# Any know how to get a the Snapdragon datasheet/manual



## calris (Aug 22, 2011)

I'de love to get my hands on a copy - Specificially I want to know about what the device does on power-on/reset. I assume if reads the reset code from the iNAND via an SPI interface (quite common for embedded CPUs as it greatly reduces the pin count).
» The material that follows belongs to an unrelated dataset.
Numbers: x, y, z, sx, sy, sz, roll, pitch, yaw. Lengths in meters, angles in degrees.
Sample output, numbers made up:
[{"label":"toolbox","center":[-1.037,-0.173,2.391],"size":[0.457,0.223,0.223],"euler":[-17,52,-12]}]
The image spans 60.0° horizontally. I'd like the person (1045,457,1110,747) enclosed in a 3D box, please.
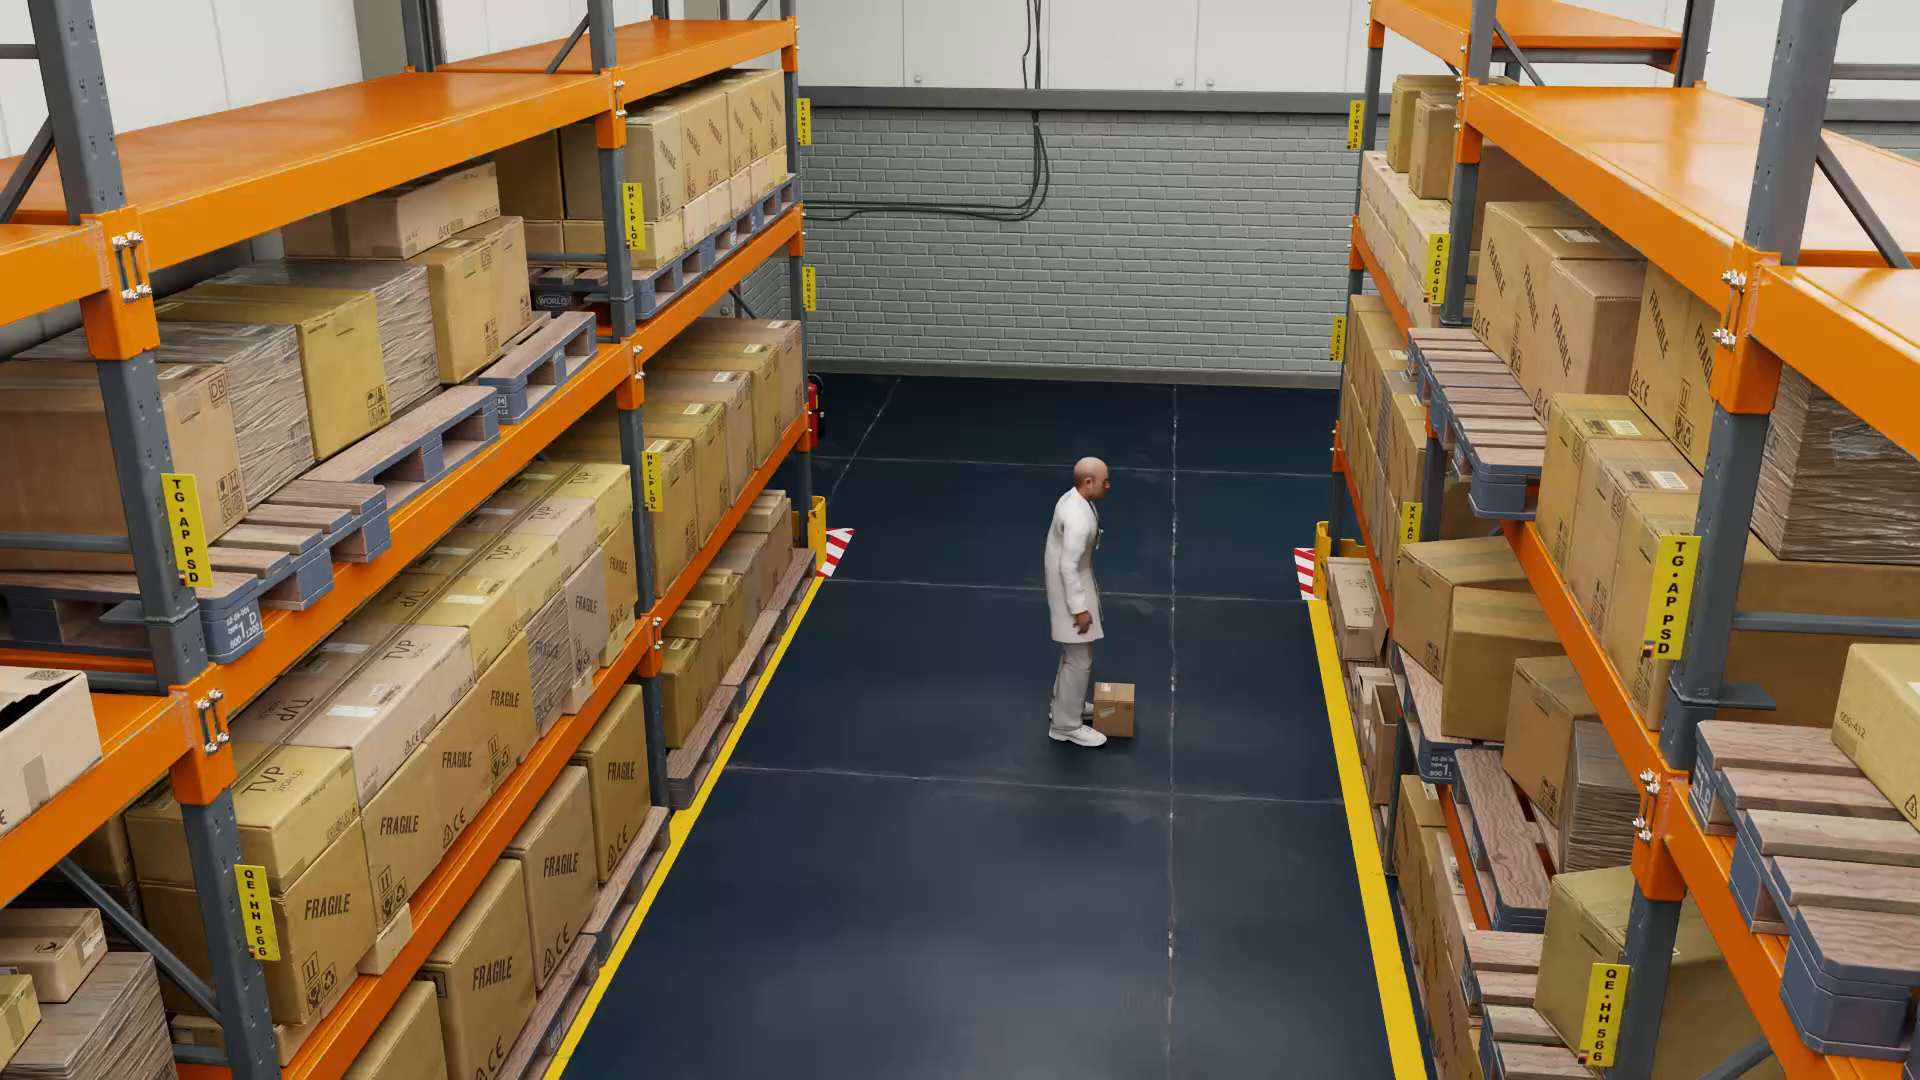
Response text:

If we can get the datasheet, it will really help in developing a method of de-bricking a totally trashed iNAND and also porting U-Boot


----------



## Avatar26 (Aug 27, 2011)

Maybe you can get that question answered at the link below, but looks like a one-shot deal without a service contract with bsquared so be clear. 
http://bsquare.custhelp.com/app/answers/list/p/100


----------



## calris (Aug 22, 2011)

I sent a messag off to bsquare - Looks like you have to purchase the dev kit ($1350) in order to get access to the download area to download the technical specs

a) I don't have $1350
b) They are out of stock

*shrug* I'll keep looking...


----------



## fgdn17 (Aug 28, 2011)

reference:
http://www.simtec.co.uk/products/SWLINUX/files/booting_article.html


----------



## docnas (Aug 24, 2011)

Maybe if we post around the dev forums there might be someone with access and can download a copy of the specs for us.


----------